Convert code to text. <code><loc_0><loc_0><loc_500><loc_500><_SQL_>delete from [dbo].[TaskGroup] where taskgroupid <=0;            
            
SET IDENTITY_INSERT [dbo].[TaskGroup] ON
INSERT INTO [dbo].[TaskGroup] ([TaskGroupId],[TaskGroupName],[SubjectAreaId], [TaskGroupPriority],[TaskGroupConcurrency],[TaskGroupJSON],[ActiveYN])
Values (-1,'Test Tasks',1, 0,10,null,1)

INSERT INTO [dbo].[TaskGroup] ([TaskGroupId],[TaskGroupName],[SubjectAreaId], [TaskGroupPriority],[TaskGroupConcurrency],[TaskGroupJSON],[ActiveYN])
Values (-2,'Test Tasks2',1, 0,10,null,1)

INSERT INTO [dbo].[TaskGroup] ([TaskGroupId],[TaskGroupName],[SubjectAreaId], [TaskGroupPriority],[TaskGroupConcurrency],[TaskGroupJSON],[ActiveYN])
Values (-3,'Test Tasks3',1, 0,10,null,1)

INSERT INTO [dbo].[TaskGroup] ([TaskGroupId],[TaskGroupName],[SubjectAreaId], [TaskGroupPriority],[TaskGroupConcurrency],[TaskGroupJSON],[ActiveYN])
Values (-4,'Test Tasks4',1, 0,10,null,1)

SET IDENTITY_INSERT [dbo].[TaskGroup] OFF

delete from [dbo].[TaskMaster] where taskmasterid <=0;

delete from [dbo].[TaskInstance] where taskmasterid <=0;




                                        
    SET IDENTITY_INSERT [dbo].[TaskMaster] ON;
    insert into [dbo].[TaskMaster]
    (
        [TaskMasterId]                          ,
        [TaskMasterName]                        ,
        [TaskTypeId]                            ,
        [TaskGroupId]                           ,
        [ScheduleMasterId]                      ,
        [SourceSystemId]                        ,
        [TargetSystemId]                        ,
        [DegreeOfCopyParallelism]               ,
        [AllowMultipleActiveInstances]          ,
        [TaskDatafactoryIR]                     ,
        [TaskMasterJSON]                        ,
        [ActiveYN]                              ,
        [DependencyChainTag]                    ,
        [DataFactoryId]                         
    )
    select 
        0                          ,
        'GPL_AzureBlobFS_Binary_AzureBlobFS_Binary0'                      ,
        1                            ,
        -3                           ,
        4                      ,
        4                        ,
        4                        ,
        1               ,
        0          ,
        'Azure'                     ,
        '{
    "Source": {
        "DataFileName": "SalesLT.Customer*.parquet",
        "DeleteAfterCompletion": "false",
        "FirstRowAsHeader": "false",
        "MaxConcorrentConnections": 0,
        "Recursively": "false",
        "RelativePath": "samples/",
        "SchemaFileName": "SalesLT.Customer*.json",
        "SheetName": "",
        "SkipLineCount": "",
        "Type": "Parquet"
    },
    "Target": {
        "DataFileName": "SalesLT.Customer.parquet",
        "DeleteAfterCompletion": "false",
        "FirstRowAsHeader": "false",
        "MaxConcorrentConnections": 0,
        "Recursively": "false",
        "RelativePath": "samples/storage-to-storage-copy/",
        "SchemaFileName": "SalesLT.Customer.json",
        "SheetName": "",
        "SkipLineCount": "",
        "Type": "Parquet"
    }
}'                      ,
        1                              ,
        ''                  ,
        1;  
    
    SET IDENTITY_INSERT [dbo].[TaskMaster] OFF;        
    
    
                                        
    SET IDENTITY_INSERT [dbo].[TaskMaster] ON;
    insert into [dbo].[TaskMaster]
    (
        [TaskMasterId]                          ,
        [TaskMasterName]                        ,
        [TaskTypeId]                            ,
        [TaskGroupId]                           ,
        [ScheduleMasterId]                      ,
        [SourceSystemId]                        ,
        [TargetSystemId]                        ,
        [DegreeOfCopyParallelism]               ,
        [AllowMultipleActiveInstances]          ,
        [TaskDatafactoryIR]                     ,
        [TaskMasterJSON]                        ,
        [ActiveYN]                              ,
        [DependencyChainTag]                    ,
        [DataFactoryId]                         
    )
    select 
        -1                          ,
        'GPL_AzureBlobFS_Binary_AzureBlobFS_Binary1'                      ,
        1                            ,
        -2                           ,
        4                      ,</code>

◆ **INSTRUCTIONS TO FOLLOW**:
Exact copies of all the entries above are to be printed.

◆ **ANSWER SPACE**:
Convert code to text. <code><loc_0><loc_0><loc_500><loc_500><_SQL_>delete from [dbo].[TaskGroup] where taskgroupid <=0;            
            
SET IDENTITY_INSERT [dbo].[TaskGroup] ON
INSERT INTO [dbo].[TaskGroup] ([TaskGroupId],[TaskGroupName],[SubjectAreaId], [TaskGroupPriority],[TaskGroupConcurrency],[TaskGroupJSON],[ActiveYN])
Values (-1,'Test Tasks',1, 0,10,null,1)

INSERT INTO [dbo].[TaskGroup] ([TaskGroupId],[TaskGroupName],[SubjectAreaId], [TaskGroupPriority],[TaskGroupConcurrency],[TaskGroupJSON],[ActiveYN])
Values (-2,'Test Tasks2',1, 0,10,null,1)

INSERT INTO [dbo].[TaskGroup] ([TaskGroupId],[TaskGroupName],[SubjectAreaId], [TaskGroupPriority],[TaskGroupConcurrency],[TaskGroupJSON],[ActiveYN])
Values (-3,'Test Tasks3',1, 0,10,null,1)

INSERT INTO [dbo].[TaskGroup] ([TaskGroupId],[TaskGroupName],[SubjectAreaId], [TaskGroupPriority],[TaskGroupConcurrency],[TaskGroupJSON],[ActiveYN])
Values (-4,'Test Tasks4',1, 0,10,null,1)

SET IDENTITY_INSERT [dbo].[TaskGroup] OFF

delete from [dbo].[TaskMaster] where taskmasterid <=0;

delete from [dbo].[TaskInstance] where taskmasterid <=0;




                                        
    SET IDENTITY_INSERT [dbo].[TaskMaster] ON;
    insert into [dbo].[TaskMaster]
    (
        [TaskMasterId]                          ,
        [TaskMasterName]                        ,
        [TaskTypeId]                            ,
        [TaskGroupId]                           ,
        [ScheduleMasterId]                      ,
        [SourceSystemId]                        ,
        [TargetSystemId]                        ,
        [DegreeOfCopyParallelism]               ,
        [AllowMultipleActiveInstances]          ,
        [TaskDatafactoryIR]                     ,
        [TaskMasterJSON]                        ,
        [ActiveYN]                              ,
        [DependencyChainTag]                    ,
        [DataFactoryId]                         
    )
    select 
        0                          ,
        'GPL_AzureBlobFS_Binary_AzureBlobFS_Binary0'                      ,
        1                            ,
        -3                           ,
        4                      ,
        4                        ,
        4                        ,
        1               ,
        0          ,
        'Azure'                     ,
        '{
    "Source": {
        "DataFileName": "SalesLT.Customer*.parquet",
        "DeleteAfterCompletion": "false",
        "FirstRowAsHeader": "false",
        "MaxConcorrentConnections": 0,
        "Recursively": "false",
        "RelativePath": "samples/",
        "SchemaFileName": "SalesLT.Customer*.json",
        "SheetName": "",
        "SkipLineCount": "",
        "Type": "Parquet"
    },
    "Target": {
        "DataFileName": "SalesLT.Customer.parquet",
        "DeleteAfterCompletion": "false",
        "FirstRowAsHeader": "false",
        "MaxConcorrentConnections": 0,
        "Recursively": "false",
        "RelativePath": "samples/storage-to-storage-copy/",
        "SchemaFileName": "SalesLT.Customer.json",
        "SheetName": "",
        "SkipLineCount": "",
        "Type": "Parquet"
    }
}'                      ,
        1                              ,
        ''                  ,
        1;  
    
    SET IDENTITY_INSERT [dbo].[TaskMaster] OFF;        
    
    
                                        
    SET IDENTITY_INSERT [dbo].[TaskMaster] ON;
    insert into [dbo].[TaskMaster]
    (
        [TaskMasterId]                          ,
        [TaskMasterName]                        ,
        [TaskTypeId]                            ,
        [TaskGroupId]                           ,
        [ScheduleMasterId]                      ,
        [SourceSystemId]                        ,
        [TargetSystemId]                        ,
        [DegreeOfCopyParallelism]               ,
        [AllowMultipleActiveInstances]          ,
        [TaskDatafactoryIR]                     ,
        [TaskMasterJSON]                        ,
        [ActiveYN]                              ,
        [DependencyChainTag]                    ,
        [DataFactoryId]                         
    )
    select 
        -1                          ,
        'GPL_AzureBlobFS_Binary_AzureBlobFS_Binary1'                      ,
        1                            ,
        -2                           ,
        4                      ,</code>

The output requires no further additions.